The police beat me and burned my arms with cigarettes, they told me they knew where I slept and if they saw me they would kill me.” He shrugged. “I had to leave there too. Italy would not help me, nor Greece. You have to move on.” He looked at the floor for a while. “I wish these things had never happened.” He looked as though he might cry. I asked him how he felt about English politicians not trusting the people of the Jungle.

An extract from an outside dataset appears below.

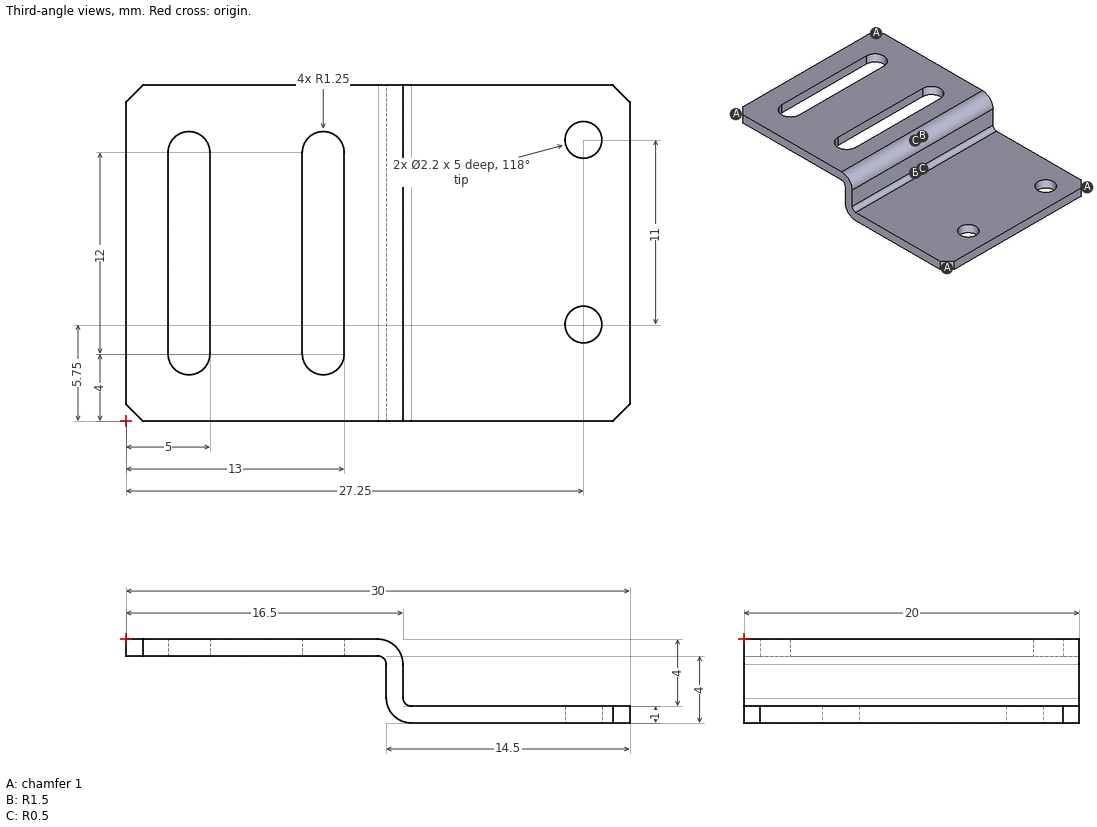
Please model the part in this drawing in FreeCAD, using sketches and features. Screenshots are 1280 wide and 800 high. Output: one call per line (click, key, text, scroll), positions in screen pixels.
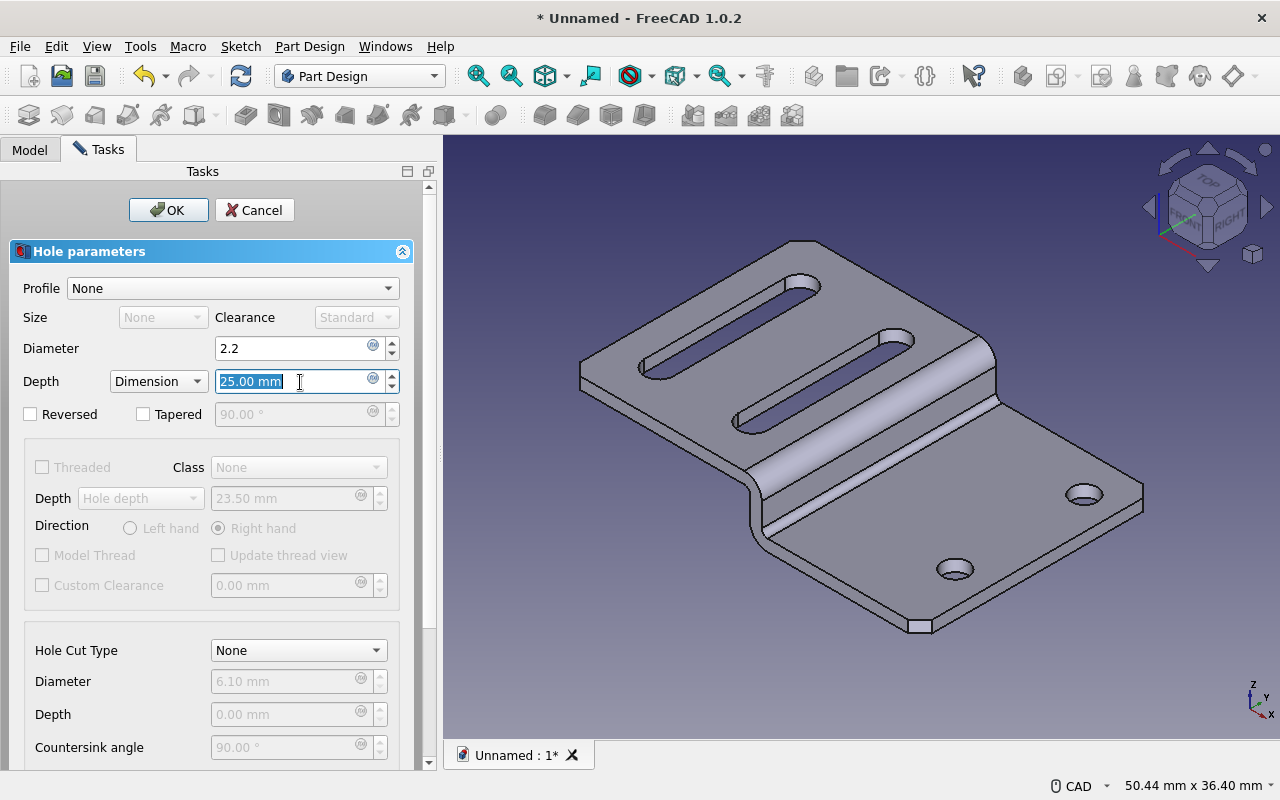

“David Cameron needs to ask himself if there are bad people in the jungle why did they not stay and be bad in Syria, Darfur or Afghanistan, or Iraq? There are plenty of opportunities to be bad people in these places. There is very little that can be done here, good or bad.” He shrugged and looked as though he might cry. I said goodbye to Rashid, he firmly shook my hand and I left the Jungle.

I said at the beginning that I didn’t agree with open door immigration, but that has nothing to do with what is happening in the Jungle. When these people fled Eritrea, the Sudan, Darfur, Syria and Iraq they were refugees and worthy of help. Now they are near our borders, they are migrants and worthy of nothing but contempt.

There are children without enough food, clothing and completely missing their education along with adults who are willing to work, from backgrounds that many English people would struggle to empathise with. They are deep in filth, despondency and an hour from London.

From the protest that most people in the camp didn’t know of and that most people in the U.K never will. As we examine the firmness of the fences and the ferocity of the dogs we force mere children to take risks that we would not wish upon ourselves.

If there is to be pride in your nation, it is to be taken only in the behaviour of the inhabitants themselves; there is no reason not to be proud of your forebears, the actions of your grandmother and father in times of difficulty. The question is only this: would they, and will your grandchildren, be proud of us?

As I button up my shirt and go to work on Monday, I will look at my reflection in the window of the bus as it ponders through suburban Wokingham. As the rainy season approaches what is normal for others simply should not be. If we do nothing but ignore the suffering of the innocents, whatever reason we give, we are the lost people of the western world.